Review by Frank Plowright
When Dee’s parents separated she moved some distance away with her father who became a policeman elsewhere, while her twin sister Beth remained with their mother. Now Beth has disappeared and Dee and her father have moved back to the house where she grew up, and she’s back at the school she left several years previously. At school there’s the awkwardness of meeting her sister’s boyfriend, and a teacher is concerned about a company wanting to run a pipeline through protected land. What at first seems a mystery and journey of discovery gradually takes a strange turn.
As seen on the sample art, there’s an inconsistency about the way Tara O’Connor presents Dee. It’s never stated how long Beth has been missing, but from the way the story’s told it seems a relatively recent occurrence, so one might imagine Dee wouldn’t be greatly up for discussing the merits of Terminator films. In fact are Terminator films from the 1980s and 1990s even on the radar of current teens? While Dee is seen to be upset, other moments of triviality don’t ring true.
O’Connor is stronger when portraying the fractious relationship between Dee’s parents, where arguments and insults can manifest from nothing. However, while allowing for his also being under stress, on occasion her father comes across as a borderline bully with his behaviour, and it begs the question of why Dee stayed with him. Far better is the manifestation of strangeness halfway through, and Dee’s relationship with it.
Strong art carries Fly by Night through all its turns. O’Connor supplies a variety of different people who’re easily distinguished and whose personalities are clear from the way they’re drawn. The passionate Eloise Ruby stands out, but the entire cast is well characterised visually, and several good moments are O’Connor wordlessly exploring Dee’s grief. The backgrounds and scenery are kept simple, ensuring the focus is on the cast.
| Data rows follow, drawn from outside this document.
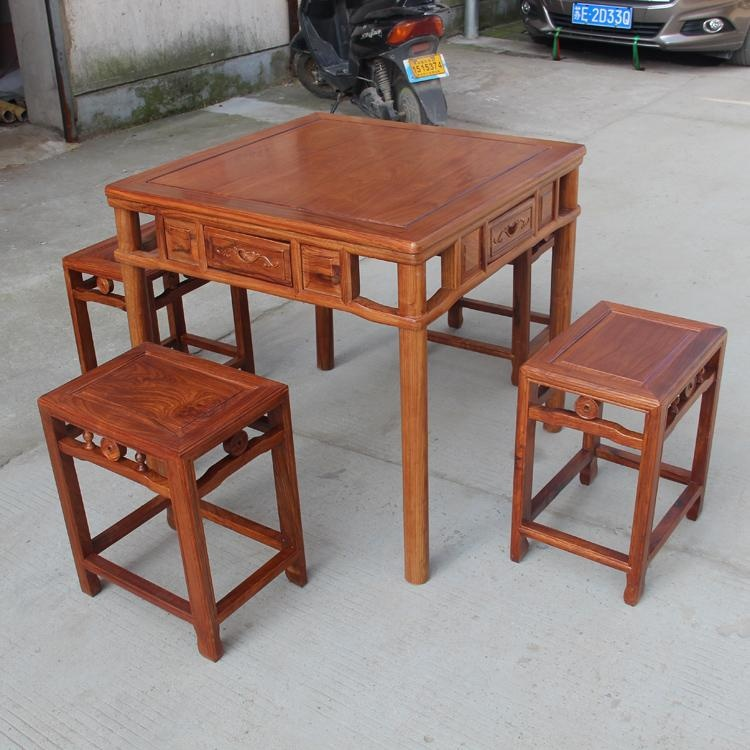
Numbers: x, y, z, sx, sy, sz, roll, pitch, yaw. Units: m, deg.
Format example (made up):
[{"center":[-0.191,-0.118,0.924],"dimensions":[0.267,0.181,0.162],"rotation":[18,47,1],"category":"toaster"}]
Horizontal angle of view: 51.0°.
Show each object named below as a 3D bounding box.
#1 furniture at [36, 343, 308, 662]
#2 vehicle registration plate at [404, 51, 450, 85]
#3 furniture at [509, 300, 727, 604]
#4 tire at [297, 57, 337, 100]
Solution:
[{"center":[-0.498,0.347,1.917],"dimensions":[0.579,0.649,0.485],"rotation":[24,45,29],"category":"furniture"},{"center":[0.292,-1.861,4.830],"dimensions":[0.415,0.190,0.044],"rotation":[-15,9,-27],"category":"vehicle registration plate"},{"center":[0.628,0.176,2.010],"dimensions":[0.380,0.594,0.595],"rotation":[16,34,31],"category":"furniture"},{"center":[-0.456,-2.306,6.126],"dimensions":[0.150,0.319,0.399],"rotation":[-29,28,-35],"category":"tire"}]
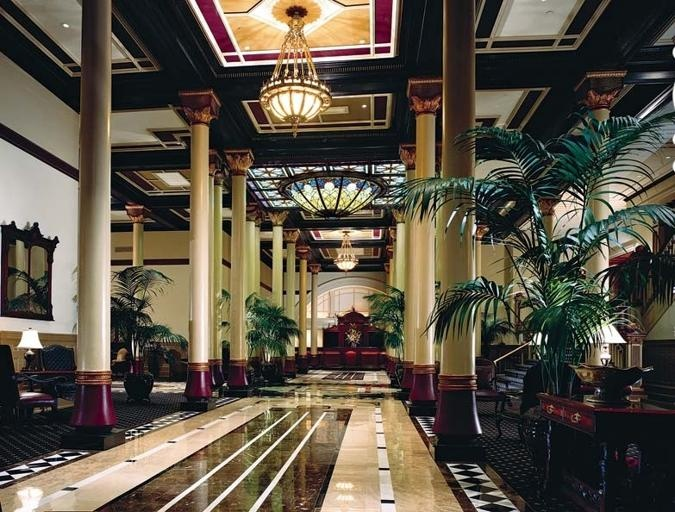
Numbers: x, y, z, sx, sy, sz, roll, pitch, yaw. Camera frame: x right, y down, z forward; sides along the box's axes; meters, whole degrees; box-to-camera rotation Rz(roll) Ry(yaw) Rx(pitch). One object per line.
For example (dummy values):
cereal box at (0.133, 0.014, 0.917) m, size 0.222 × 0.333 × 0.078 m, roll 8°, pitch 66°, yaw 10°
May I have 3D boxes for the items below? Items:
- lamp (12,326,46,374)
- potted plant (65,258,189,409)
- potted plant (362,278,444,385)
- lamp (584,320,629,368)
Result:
lamp at (-5.896, 1.789, 10.667) m, size 0.507 × 0.799 × 0.503 m, roll -7°, pitch -12°, yaw 17°
potted plant at (-4.908, 1.964, 13.714) m, size 2.195 × 3.498 × 2.295 m, roll -6°, pitch 5°, yaw -41°
potted plant at (1.730, 2.395, 16.907) m, size 2.190 × 3.236 × 2.444 m, roll -17°, pitch -2°, yaw 35°
lamp at (3.296, 1.120, 6.904) m, size 0.448 × 0.416 × 0.396 m, roll 27°, pitch -30°, yaw -13°
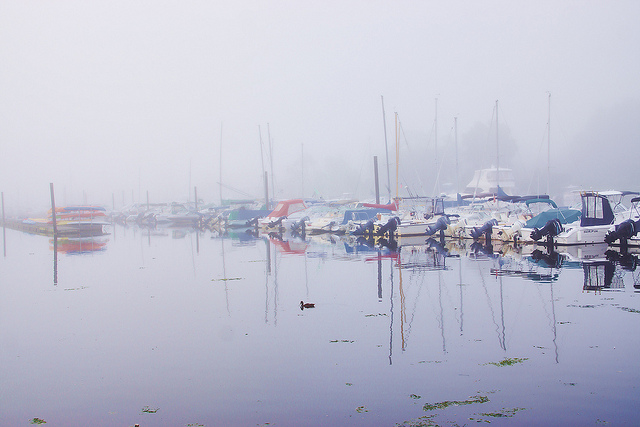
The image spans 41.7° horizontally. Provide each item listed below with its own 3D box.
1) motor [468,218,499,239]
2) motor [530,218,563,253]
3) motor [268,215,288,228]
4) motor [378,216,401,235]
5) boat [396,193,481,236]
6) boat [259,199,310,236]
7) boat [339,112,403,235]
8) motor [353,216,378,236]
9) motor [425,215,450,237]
[{"bbox_3d":[8.877,0.871,45.540,1.284,0.984,0.684,-3,-3,35],"label":"motor"},{"bbox_3d":[11.065,0.971,40.753,1.403,1.393,0.850,-2,-2,16],"label":"motor"},{"bbox_3d":[-3.101,0.636,62.058,0.818,0.717,1.659,1,-3,-37],"label":"motor"},{"bbox_3d":[4.210,0.658,49.756,0.680,0.945,1.480,1,-3,-44],"label":"motor"},{"bbox_3d":[7.345,-0.017,50.642,5.732,1.951,2.037,-1,26,27],"label":"boat"},{"bbox_3d":[-2.376,0.199,62.734,5.397,3.071,2.634,0,-2,-18],"label":"boat"},{"bbox_3d":[3.375,-2.393,53.516,5.253,7.449,1.878,4,25,16],"label":"boat"},{"bbox_3d":[2.889,0.833,51.336,0.913,0.984,2.057,0,-2,-21],"label":"motor"},{"bbox_3d":[6.909,0.707,48.714,1.254,0.787,0.562,-25,25,-13],"label":"motor"}]
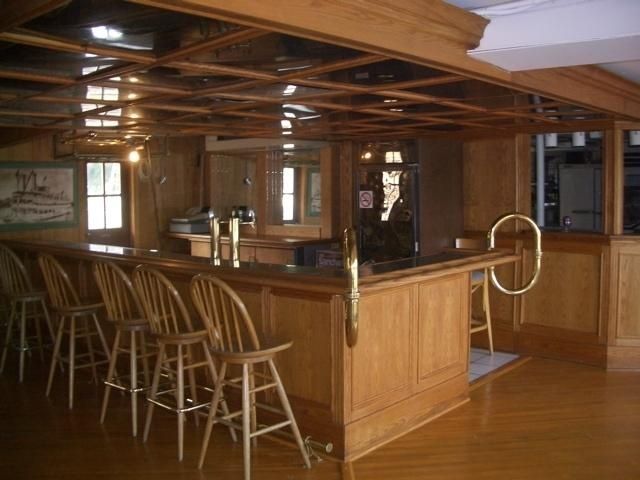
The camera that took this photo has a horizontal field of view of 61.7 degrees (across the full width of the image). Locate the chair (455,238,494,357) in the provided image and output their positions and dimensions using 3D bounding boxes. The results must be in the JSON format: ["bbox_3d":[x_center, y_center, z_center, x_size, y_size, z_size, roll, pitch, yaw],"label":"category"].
[{"bbox_3d":[1.785,0.673,6.197,0.517,1.352,0.883,3,9,15],"label":"chair"}]

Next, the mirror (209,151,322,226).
[{"bbox_3d":[-0.757,-0.782,8.089,1.703,0.756,0.115,2,5,31],"label":"mirror"}]
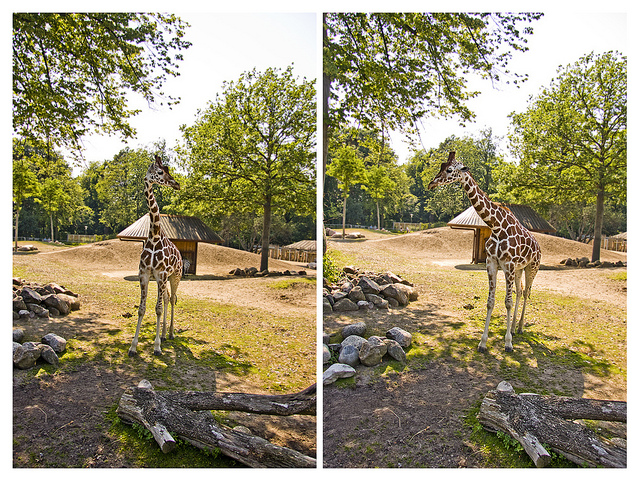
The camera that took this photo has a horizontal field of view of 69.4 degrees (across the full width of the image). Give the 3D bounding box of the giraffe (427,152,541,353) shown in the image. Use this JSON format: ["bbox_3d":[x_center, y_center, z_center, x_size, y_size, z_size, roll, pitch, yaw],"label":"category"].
[{"bbox_3d":[3.661,0.148,9.494,1.574,3.437,4.362,4,2,26],"label":"giraffe"}]

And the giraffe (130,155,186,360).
[{"bbox_3d":[-3.094,0.224,8.854,0.881,3.646,2.175,2,2,-19],"label":"giraffe"}]
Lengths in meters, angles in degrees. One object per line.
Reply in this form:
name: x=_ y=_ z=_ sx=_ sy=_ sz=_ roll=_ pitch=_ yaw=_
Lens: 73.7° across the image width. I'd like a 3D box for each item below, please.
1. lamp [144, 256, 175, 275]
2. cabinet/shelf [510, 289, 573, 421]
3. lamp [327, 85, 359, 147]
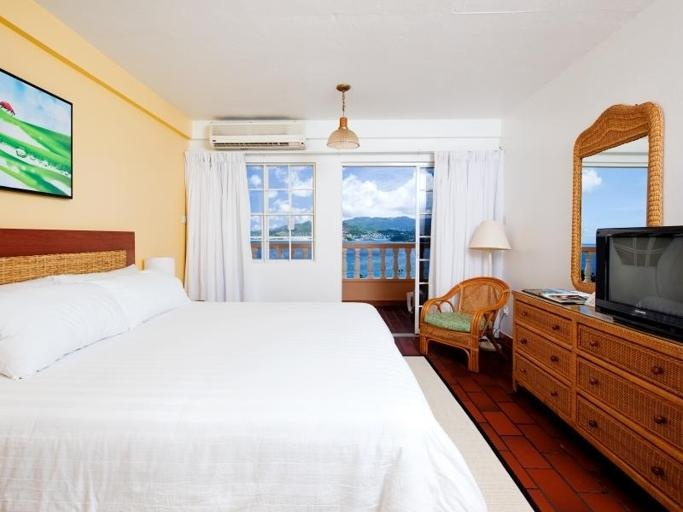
lamp: x=-1.800 y=0.088 z=4.499 sx=0.235 sy=0.180 sz=0.224 roll=2 pitch=-3 yaw=-40
cabinet/shelf: x=1.551 y=0.770 z=3.504 sx=0.367 sy=0.912 sz=0.954 roll=1 pitch=-1 yaw=2
lamp: x=0.043 y=-1.408 z=4.658 sx=0.292 sy=0.605 sz=0.827 roll=7 pitch=12 yaw=-1
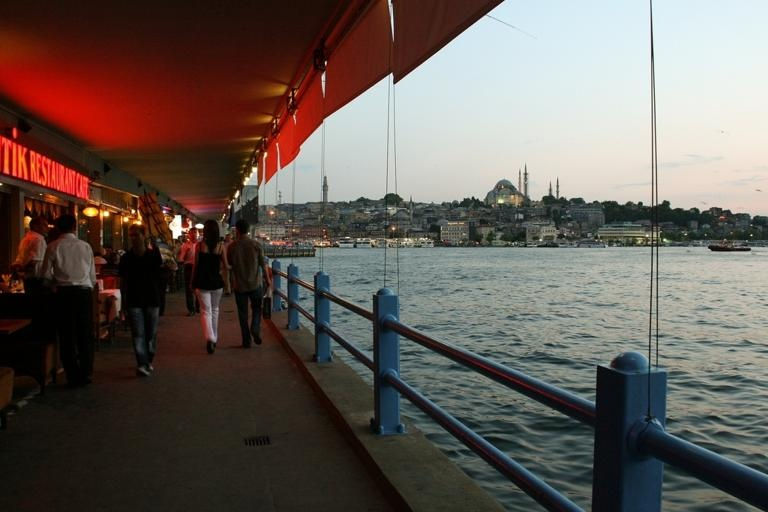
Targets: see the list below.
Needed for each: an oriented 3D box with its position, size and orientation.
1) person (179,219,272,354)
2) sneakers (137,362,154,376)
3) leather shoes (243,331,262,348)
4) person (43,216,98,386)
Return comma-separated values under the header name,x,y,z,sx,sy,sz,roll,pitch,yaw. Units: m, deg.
name,x,y,z,sx,sy,sz,roll,pitch,yaw
person,-2.224,0.419,9.372,1.005,1.828,1.358,-2,1,-3
sneakers,-2.945,1.409,7.829,0.171,0.136,0.328,-3,2,-15
leather shoes,-2.030,1.283,9.659,0.326,0.140,0.181,-17,-2,14
person,-3.610,0.505,7.296,0.549,2.069,0.263,-3,1,-26
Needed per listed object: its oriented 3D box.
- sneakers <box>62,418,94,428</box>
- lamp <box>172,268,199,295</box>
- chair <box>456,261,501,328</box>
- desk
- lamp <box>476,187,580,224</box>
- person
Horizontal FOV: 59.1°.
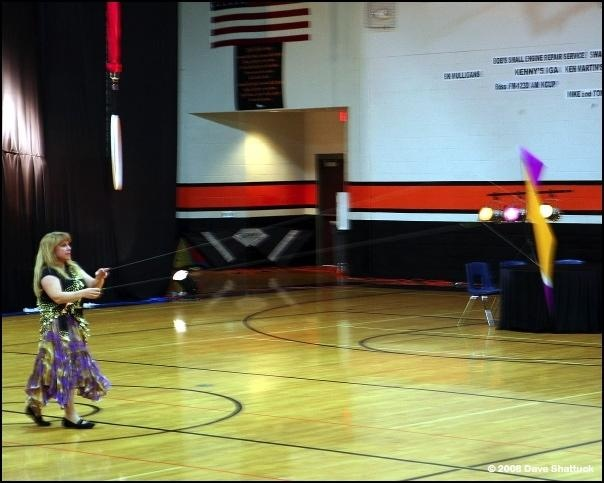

Two different plot threads are introduced from the start, and O’Connor has them running parallel throughout, but they’re never convincingly pulled together. While the ecological plot is just part of the story to begin with, it descends into preaching in mirroring a real event, and the switches to the more spiritual plot of Beth’s disappearance become jarring. The eventual revelation about Beth works well, especially in connection with later events, but the eventual revelation about another character is forced and lacks previous foundation.
There’s plenty to entertain in Fly by Night, but also the feeling that it might have been better.